São Paulo (AUN - USP) - Apesar de altamente domesticados, cães que vivem próximos a fragmentos de Mata Atlântica podem agir de maneira predatória e gerar impacto negativo na fauna local. O alto número de animais na região possibilita o surgimento de problemas como a transmissão de doenças e a diminuição da fauna nativa, o que torna essa ocorrência preocupante.
Pesquisa do professor de biologia da USP, Paulo Ignácio Knegt e da bióloga da Unicamp Patrícia Torres mostra que a grande quantidade de cães está ligada ao número de moradores da região: 90% das casas possuem o animal. “Os cães da zona rural são em geral para companhia ou guarda da casa.

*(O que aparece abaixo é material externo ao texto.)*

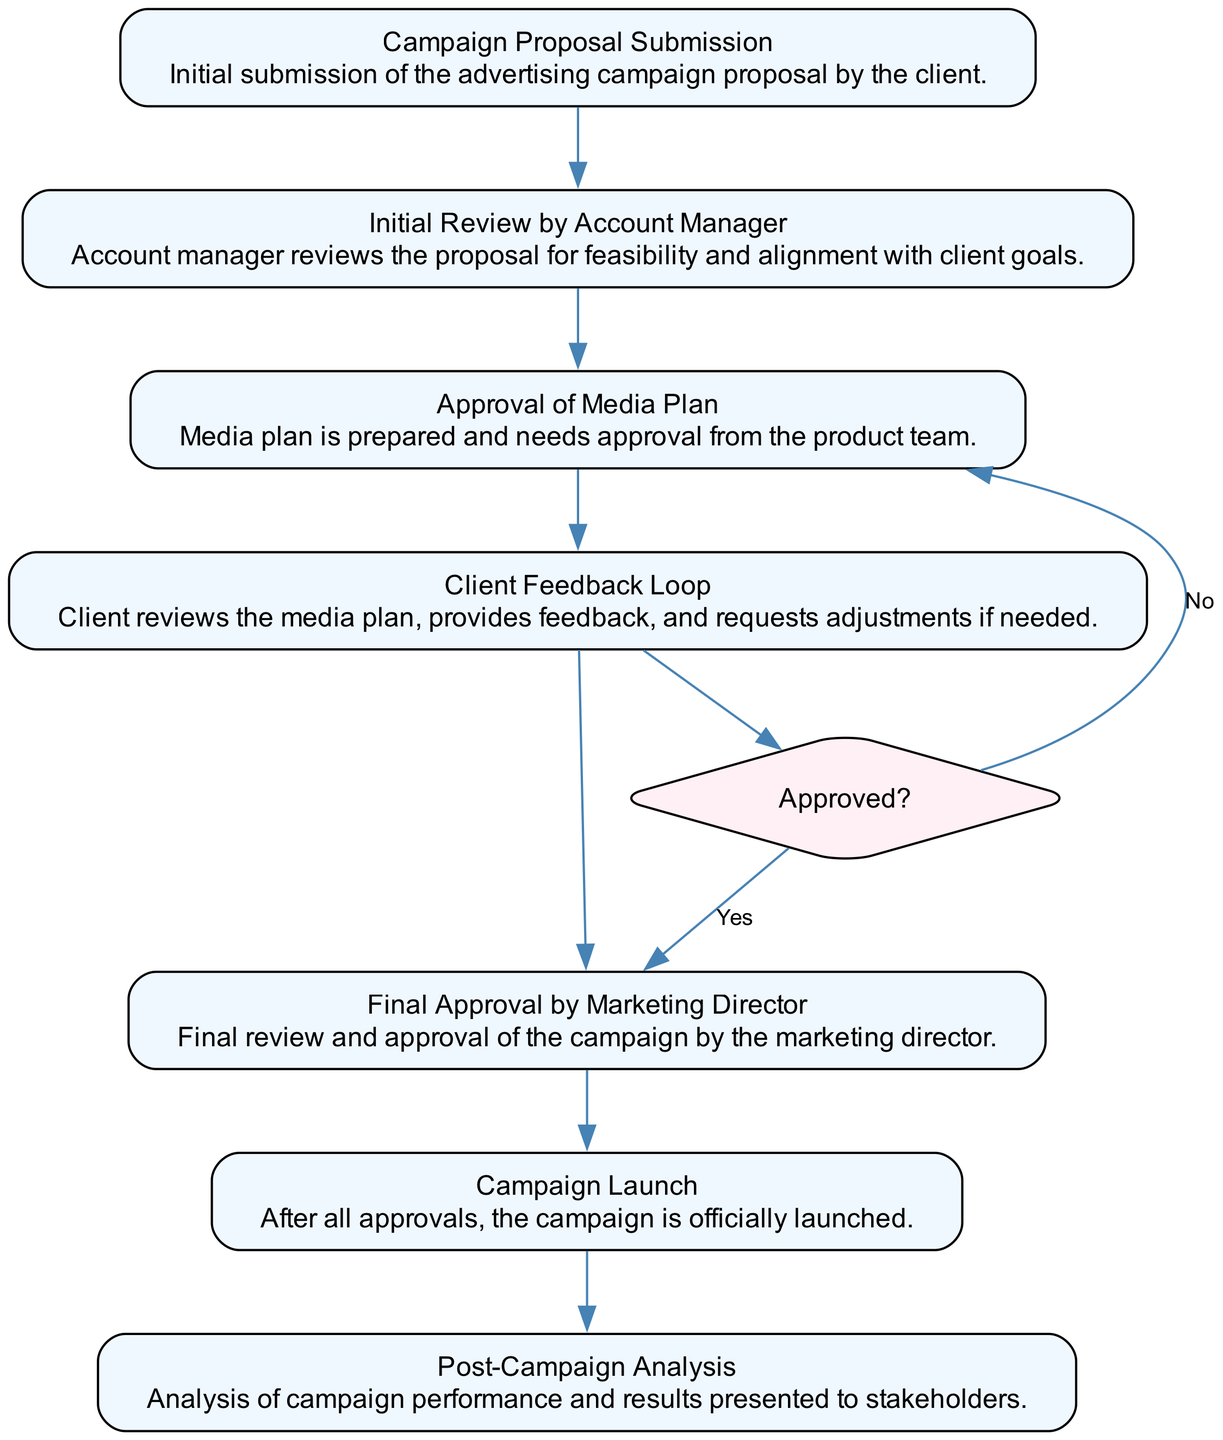What is the first step in the advertising campaign approval process? The first step in the diagram is "Campaign Proposal Submission," which indicates the initial action taken by the client.
Answer: Campaign Proposal Submission How many main steps are there in the approval process before the campaign is launched? The diagram outlines six main steps before reaching the "Campaign Launch," which counts all the listed elements except for the post-campaign analysis.
Answer: six What happens after the "Client Feedback Loop" if the feedback is approved? If the feedback from the "Client Feedback Loop" is approved, the flow moves to the "Final Approval by Marketing Director."
Answer: Final Approval by Marketing Director What decision is made after the "Client Feedback Loop"? After the "Client Feedback Loop," a decision is made if the proposals are "Approved?" indicating a review process is needed before proceeding.
Answer: Approved? If the media plan is not approved after client feedback, which step should be revisited? If the media plan is not approved, the process returns to the "Initial Review by Account Manager," reflecting that adjustments need to be reconsidered.
Answer: Initial Review by Account Manager What is the purpose of the "Post-Campaign Analysis"? The "Post-Campaign Analysis" serves to evaluate the performance and results of the advertising campaign and present findings to stakeholders, indicating its evaluative purpose.
Answer: Analysis of campaign performance Which node represents the final action in the diagram? The "Campaign Launch" represents the final action, indicating the execution of the approved campaign.
Answer: Campaign Launch How many decision nodes are present in the diagram? The diagram includes only one decision node, labeled "Approved?" which influences the workflow depending on approval feedback.
Answer: one 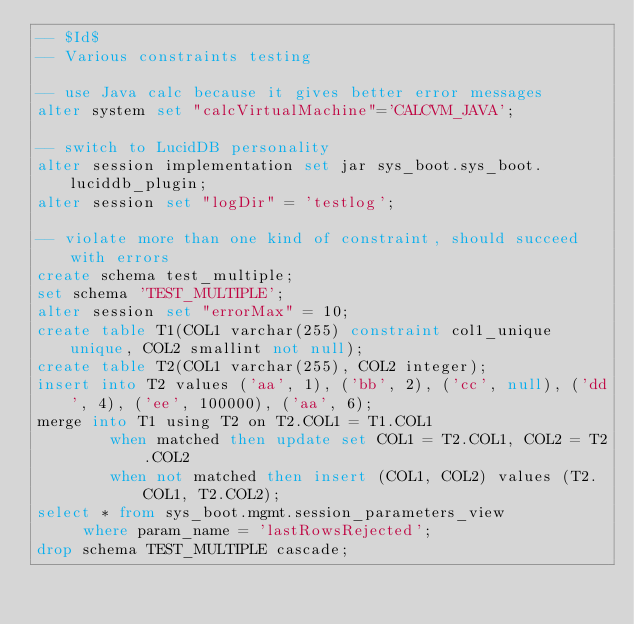Convert code to text. <code><loc_0><loc_0><loc_500><loc_500><_SQL_>-- $Id$
-- Various constraints testing

-- use Java calc because it gives better error messages
alter system set "calcVirtualMachine"='CALCVM_JAVA';

-- switch to LucidDB personality
alter session implementation set jar sys_boot.sys_boot.luciddb_plugin;
alter session set "logDir" = 'testlog';

-- violate more than one kind of constraint, should succeed with errors
create schema test_multiple;
set schema 'TEST_MULTIPLE';
alter session set "errorMax" = 10;
create table T1(COL1 varchar(255) constraint col1_unique unique, COL2 smallint not null);
create table T2(COL1 varchar(255), COL2 integer);
insert into T2 values ('aa', 1), ('bb', 2), ('cc', null), ('dd', 4), ('ee', 100000), ('aa', 6);
merge into T1 using T2 on T2.COL1 = T1.COL1 
        when matched then update set COL1 = T2.COL1, COL2 = T2.COL2 
        when not matched then insert (COL1, COL2) values (T2.COL1, T2.COL2);
select * from sys_boot.mgmt.session_parameters_view
     where param_name = 'lastRowsRejected';
drop schema TEST_MULTIPLE cascade;
</code> 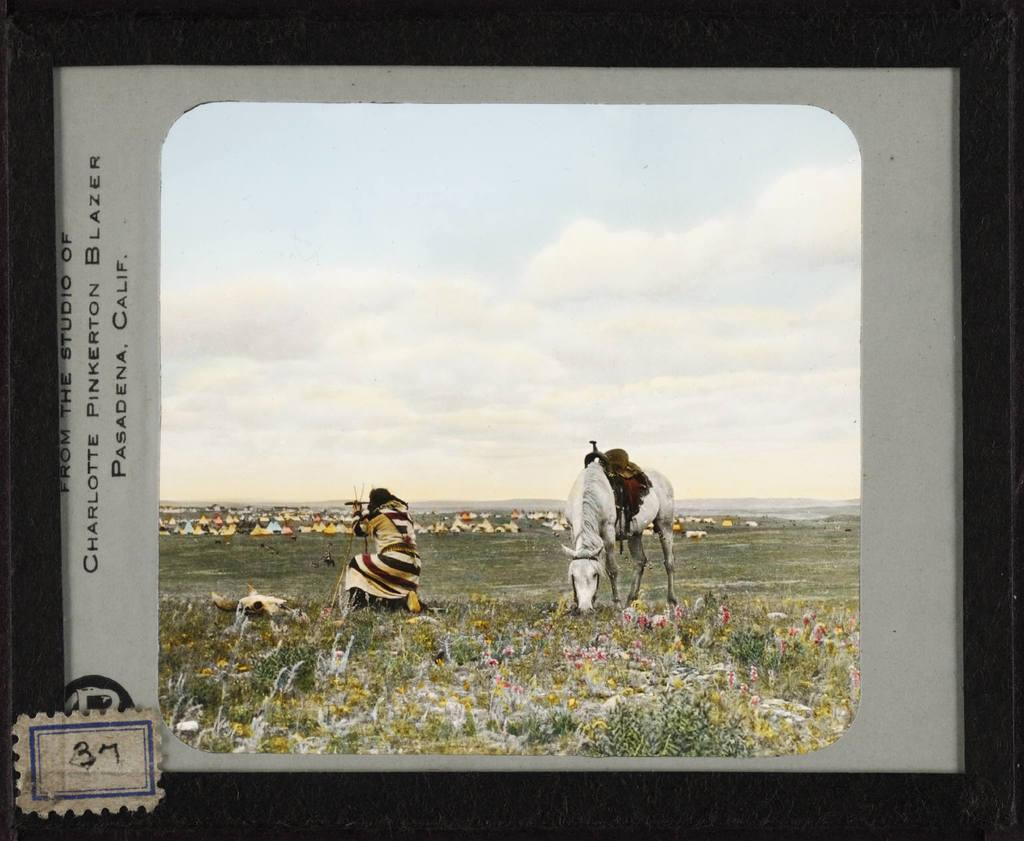<image>
Create a compact narrative representing the image presented. A postcard with a man and horse on it that is labeled Pasadena Calif. 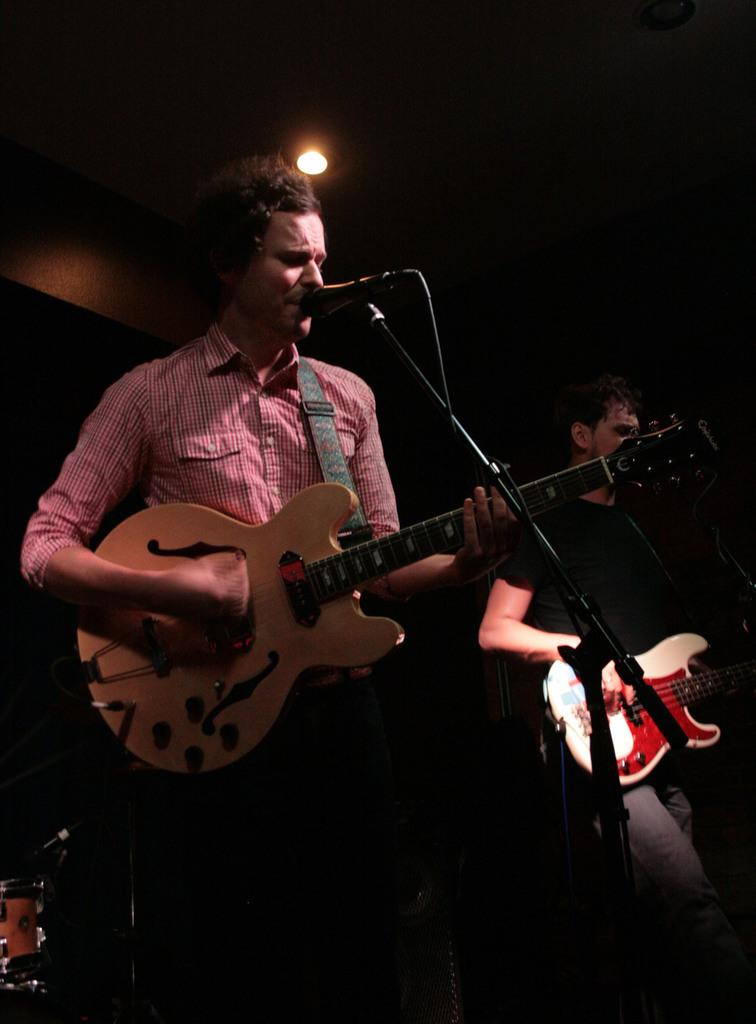What is the person in the pink shirt doing in the image? The person is playing a guitar and singing. What object is the person using to amplify their voice? There is a microphone in the image. Is there anyone else in the image? Yes, there is another person in the image. What is the second person doing? The second person is also playing a guitar. What type of plantation can be seen in the background of the image? There is no plantation visible in the image. How many hands does the person in the pink shirt have? The person in the pink shirt has two hands, just like any other person. 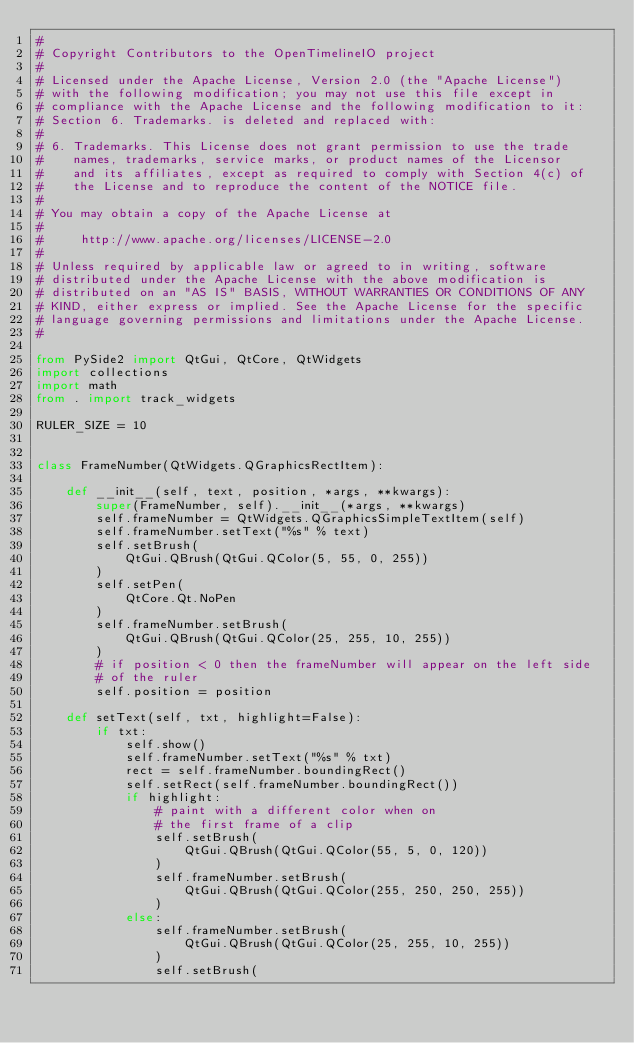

Alguns foram adotados, pois há o costume de pessoas da cidade abandonarem cães lá”, diz Patrícia. “Não é comum hoje em dia esses cães serem usados para caçar, já que a caça diminuiu muito no local”.
Entre os motivos que podem contribuir para esse comportamento, estão o pouco controle da reprodução dos animais e o hábito de mantê-los soltos. Cerca de 80% dos cães não são mantidos presos, o que possibilita que eles entrem nos fragmentos de Mata Atlântica e ataquem os animais nas bordas. Patrícia cita um outro trabalho, realizado na Mata de Santa Genebra, perto da cidade de Campinas (interior de São Paulo) que constatou que, na região, os alvos são pequenos mamíferos, como gambás e roedores. Há registro, entretanto, em unidades de conservação do cerrado, de ataques a animais maiores, como lobos-guará, feitos por cães que andam em bandos, em forma de matilhas.
Para a pesquisadora, o fato de os animais serem domésticos faz com que a responsabilidade seja da população. “No caso da zona rural, é necessário que esses donos tenham uma posse responsável do animal, que vacinem, alimentem, controlem a reprodução e mantenham os cães presos na propriedade”, diz. Mas mantê-los presos esbarra em barreiras culturais e físicas: grande parte das propriedades possui cerca de arame, que só impedem a passagem de animais maiores, como o gado.
Já na zona urbana, a pesquisadora diz que é mais fácil manter os cães presos, além de ser mais difundida a aplicação de vacina e a castração. O problema fica com a questão do abandono, que gera problemas de saúde, como a transmissão de febre maculosa. “Acho que programas que visem resolver problemas de saúde pública são mais aceitos pela população do que programas que visem apenas evitar que cães utilizem áreas da mata”. Para ela, é importante que se façam campanhas para mudança de hábitos, que irá evitar que cães venham a trazer impactos negativos para a fauna de fragmentos florestais.